Regulatory authorities often require accreditation to national or international standards. With restricted budgets, many regulatory authorities can no longer perform EMC testing and product approvals themselves and must rely on third-party laboratories to support their regulatory efforts. When they do so, these authorities need a comparable and meaningful basis for identifying qualified EMC test service providers, which can be achieved through the accreditation process.

Accreditation also has a positive impact on the general public, by stimulating higher standards of quality within EMC testing laboratories. This leads to more consistently reliable test data, thereby contributing to more effective EMC regulations, more consistent product quality and the proper functioning of electronic devices within close proximity of each other.

ISO/IEC 17025 – The Standard for Laboratory Competence [1]
The general requirements for laboratory competence are described in the ISO/IEC 17025:2005 standard.
This standard establishes a global baseline for accreditation of all types of laboratories. Since its origin in the mid-70s, ISO/IEC 17025 (formerly ISO/IEC Guide 25) emphasizes competence of laboratories to perform specified tests, not just mere compliance with requirements.

Several important principles are imbedded in the requirements of the standard. These principles are summarized as follows:

An EMC laboratory must have the resources (staff members with the required skills and knowledge, test environment with the required facilities, equipment, instrumentation, procedures to ensure consistency of test processes and quality control for the key steps in the testing processes) in order to carry out the tests and produce reliable results.
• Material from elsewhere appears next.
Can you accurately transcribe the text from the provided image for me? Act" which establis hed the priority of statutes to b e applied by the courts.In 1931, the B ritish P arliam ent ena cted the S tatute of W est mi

An EMC laboratory must have staff members in the organization who have the authority to execute specific functions with the overall scope of test work. They also must be able to demonstrate accountability for the published test results.

Scientific Approach
An EMC laboratory should conduct its work based on accepted scientific principles, preferably following published EMC standards. If deviations from accepted methods are necessary to perform an evaluation of a specific device, they must be substantiated and documented in a manner considered generally acceptable by experts in the field.
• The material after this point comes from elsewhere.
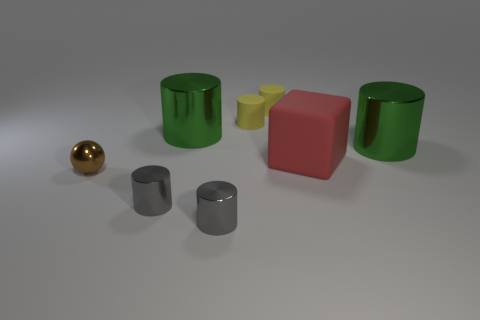Subtract all brown cylinders. Subtract all red spheres. How many cylinders are left? 6 Add 1 small yellow rubber cylinders. How many objects exist? 9 Subtract all cubes. How many objects are left? 7 Subtract 0 yellow cubes. How many objects are left? 8 Subtract all big green cylinders. Subtract all tiny gray metal cylinders. How many objects are left? 4 Add 5 yellow cylinders. How many yellow cylinders are left? 7 Add 5 small yellow matte objects. How many small yellow matte objects exist? 7

The test results produced should be based upon measurable quantities. If results are subjective (applicable to some immunity tests) they must be produced by testing personnel deemed qualified to make subjective judgments.

The pursuit of reliable results through the use of accepted scientific principles, is the primary and overriding influence on the persons carrying out the testing. All other influences are secondary and not permitted to take precedence.

Measurement Traceability
The results produced are based on a recognized system of measurements that are derived from accepted known quantities (i.e., SI system) or other well-characterized references. The chain of measurement comparison between these accepted known quantities and the device providing the objective measurement result is unbroken for the transfer of measurement characteristics, including uncertainty, for the whole of the measurement chain.

The EMC test methods used to achieve measurement results will produce results that are comparable to future testing results, which will be produced under similar circumstances. These circumstances are defined primarily by the applied EMC standard, the equipment used and the knowledge and technical proficiency of test personnel.

The test and quality processes within an EMC laboratory must be open to both external and internal scrutiny in order to easily identify factors which may adversely affect the laboratory’s pursuit of objective results based on published standards.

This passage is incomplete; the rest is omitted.